They provide a stable reference key shared between Teemant, users, and external systems.


Identifier structure


An identifier is defined using a mask, which may include:


  • an incremental counter,
  • date or timestamp elements,
  • a fixed prefix identifying the process or environment.

Example structure:


  • prefix (e.g. DEMO),
  • incremental number,
  • year or timestamp.


This allows identifiers to be:


  • readable,
  • sortable,
  • and unique over time.


When Identifiers are generated


Identifiers are generated at the end of a process, just before:


  • email notifications are sent,
  • data is exported to external information systems,
  • final confirmation messages are delivered.


This ensures that:


  • all collected or computed data is finalized,
  • the identifier reflects a completed process,
  • the same identifier can be reused consistently across outputs, notifications, and integrations.


Role in process tracking


Once generated, the identifier can be:


  • included in emails or notifications,
  • embedded in exported files or payloads,
  • stored in external systems as a reference key.


In short:


👉 Identifiers make each interaction traceable, auditable, and linkable across systems.


🧰 Tools

Tools are external applications that can be triggered from within Teemant during a process.


They allow Teemant to extend its capabilities by delegating specific actions to specialized third-party applications, while keeping the overall process orchestrated by Teemant.


Purpose of Tools


Tools are used when a process requires an action that:


  • cannot be performed directly by the AI,
  • must be handled by a certified or specialized external system,
  • requires user interaction outside the conversational interface.

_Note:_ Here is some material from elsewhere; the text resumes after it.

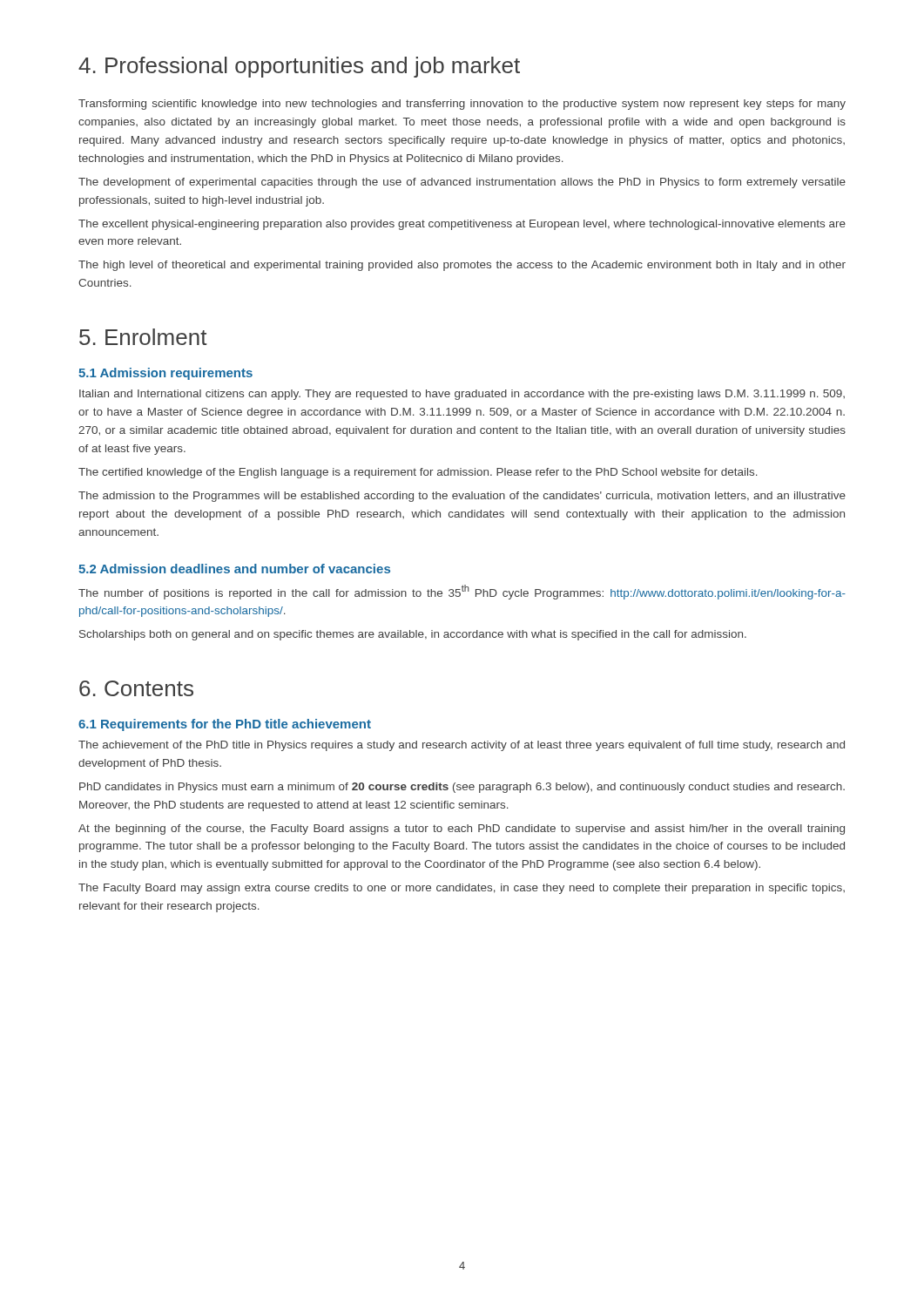The image size is (924, 1307).
Task: Click on the element starting "Transforming scientific knowledge into new technologies"
Action: click(x=462, y=131)

Typical use cases include:


  • capturing certified and encrypted photos,
  • collecting a digital signature on a smartphone,
  • executing regulated or compliance-sensitive actions.


How Tools are used in processes


A Tool can be:


  • triggered at a specific step during a conversation,
  • invoked as part of an email-driven process,
  • embedded into an agent workflow.


When triggered, the user is redirected or guided to the external application, and the result is then returned to Teemant to continue the process.


Integration and partners


All Tools require:


  • a technical integration with Teemant,
  • and are provided by Teemant-certified partners.


This ensures:


  • security and data integrity,
  • compliance with regulatory requirements,
  • reliable exchange of information between systems.


Multiple external applications can be integrated over time, depending on business needs and available partner solutions.


Summary


In short:



 👉 Tools allow Teemant to interact with external applications to perform specialized actions that go beyond conversational AI, while remaining fully integrated into the overall process flow.


👁️ Vision

Vision – Document & Image Intelligence


The Vision module manages document and image information extraction within Teemant.


A Vision is an independent AI agent, specialized in reading, analyzing, and interpreting documents or images in order to produce structured, usable data.

Vision goes beyond basic OCR: it combines visual extraction with AI-driven understanding and validation.


Vision as a Specialized AI Agent


Each Vision is configured as a dedicated AI agent with its own:


  • Purpose,
  • Document context,
  • Extraction model,
  • AI processing logic.


The Vision agent is responsible for:


  • Reading documents or images (PDFs, scans, photos),
  • Extracting raw information using OCR or image analysis,
  • Applying Teemant AI logic on top of the extracted data to interpret, normalize, and structure it.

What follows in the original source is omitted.